Legal Perspective: Upcoming Changes to Stark’s Recruitment Exception

KATHRYN GILCHRIST AND DAVID DONNELL

Last month, we gave a general overview of the changes made in the final Stark Phase III regulations (introduced in September and effective this month). One area of change that may have the most positive benefits to hospitals and physician practices in Mississippi is found in the recruitment exception.

The recruitment exception allows a hospital to make recruitment payments to either a physician practice, which a recruited physician will join, or directly to a recruited physician so long as the physician is relocating to the hospital’s geographic area. These arrangements must be set out in writing and signed by the parties and not conditioned on the physician’s referral of patients to the hospital. Further, the hospital may not, directly or indirectly, determine the amount paid to the physician based on the volume or value of referrals. The physician must also be allowed to establish privileges at other hospitals and refer patients to such hospitals. Residents or those physicians in practice less than one year are still excluded from this requirement.

Under the new rule, hospitals have greater flexibility in defining their “geographic area” for purposes of relocating a physician because CMS has allowed some forgiveness to the former, rigid patient population calculations. Rural hospitals, or those that are not in Metropolitan Statistical Areas (MSAs), are given the most latitude and can recruit a physician into any contiguous zip code area in which the hospital receives 90 percent of its inpatients. This allows greater flexibility by allowing hospitals the ability to recruit physicians to some of its outlying areas within its market. Healthcare providers should note that CMS will now consider a physician’s medical practice “relocated” if the practice was outside of the area into which he/she is recruited or if the physician derives revenues from at least 75 percent of “new” patients in the geographic area. “New” patients must not have been seen by the physician the previous three years.
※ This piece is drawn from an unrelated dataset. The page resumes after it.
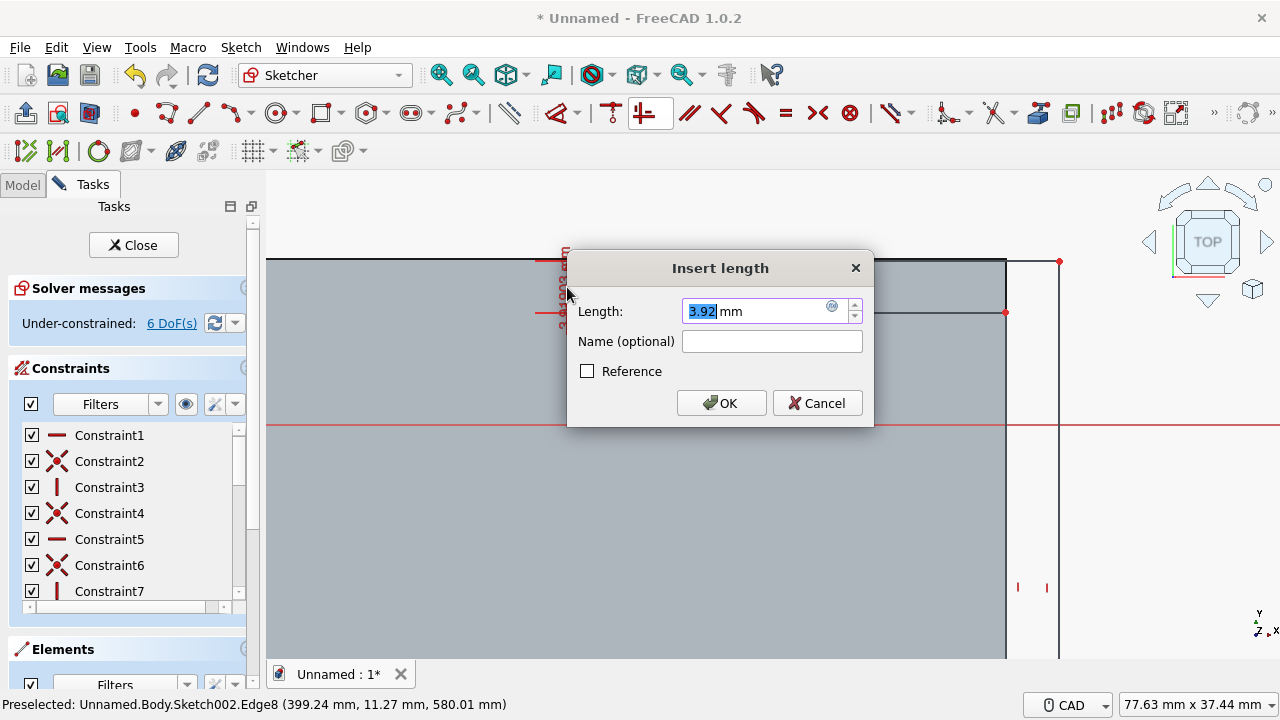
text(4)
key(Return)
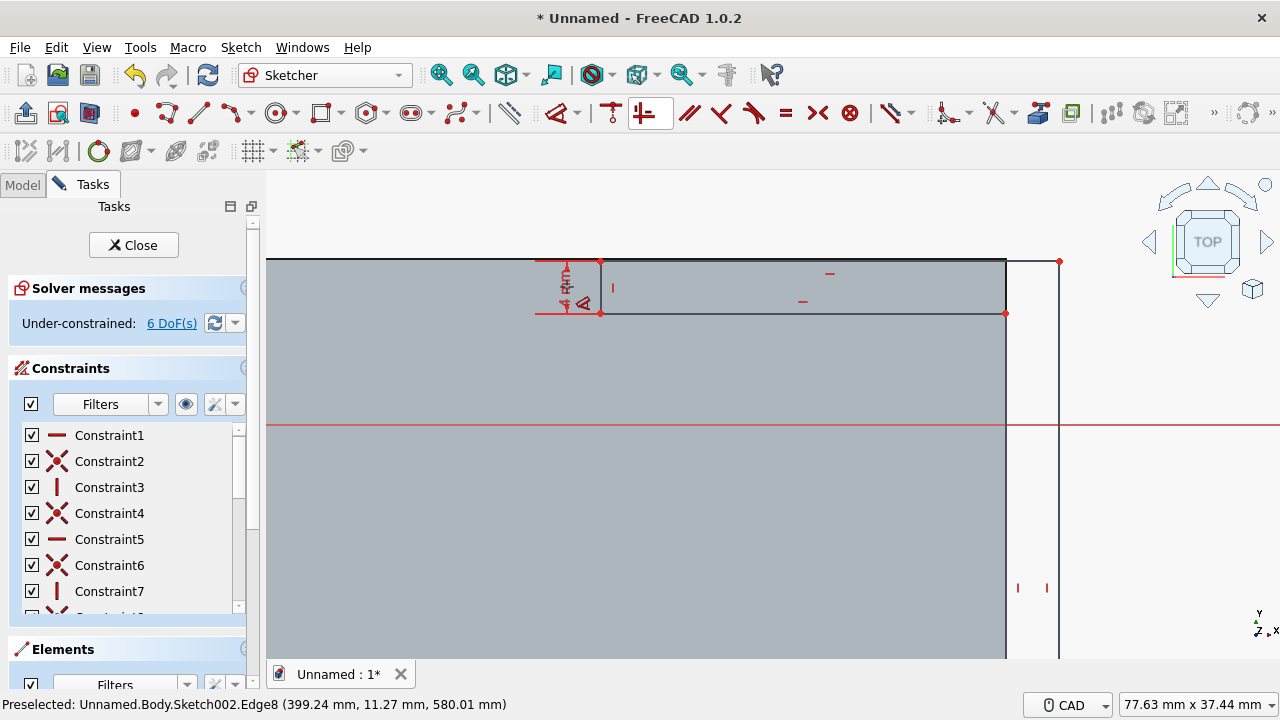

Equally important, hospitals may make recruitment payments to either the recruited physician or to the practice the physician is joining. Obviously, the hospital may not vary the payment based on the referrals generated by the physician practice. If made to the practice, the group is required to execute the agreement and be bound by the record keeping guidelines set forth in the regulations. Generally, actual recruiting costs may be maintained by the physician practice, but all incentive payments must be given directly to the recruit.

In cases of income guarantees, the rule requires that only actual incremental expenses of the group are assessed to the recruited physician. However, in some rural areas, Phase III will now allow major advantages, including: (1) the ability to account for some overhead in the incremental costs, and (2) the option to add reasonable practice restrictions, such as non-compete clauses. If the physician is recruited into certain rural areas and replaces a physician who retired, died or moved out of the geographic area in the previous 12 months, income guarantees may include the lower of a per physician overhead allocation or 20 percent of the practice’s aggregate overhead costs. This allows for real cost savings for the existing group practice members.

Next, while the physician practice may not impose “unreasonable” practice restrictions on the recruit, significant limitations are allowed. For instance, “reasonable” practice restrictions can include confidentiality terms, anti-solicitation clauses and moonlighting prohibitions. Of even more significance is CMS’s recognition that non-compete clauses are not per se unreasonable.

While historically considered “unreasonable restrictions,” CMS noted a few examples where non-competes could be “reasonable.” First, if the group restricts the physician from a certain area, but the physician is still able practice in the hospital’s “geographic area” without violating the agreement, the restriction could be reasonable. This would be useful if the hospital had a large “geographic area.” A non-compete could also be used if accompanied by a reasonable liquidated damage provision. These clauses generally require the physician to pay a fee to the practice to be able to remain in practice in the area. Reasonableness as to the liquidated damages would be a fact dependent calculation.

To be sure, the final Stark Phase III regulations have opened up physician recruiting to allow more flexibility and greater financial benefit to all parties involved. When your hospital or practice looks to add providers, be sure to carefully consider these new rules. You may be surprised at the flexibility now found in the Stark Law.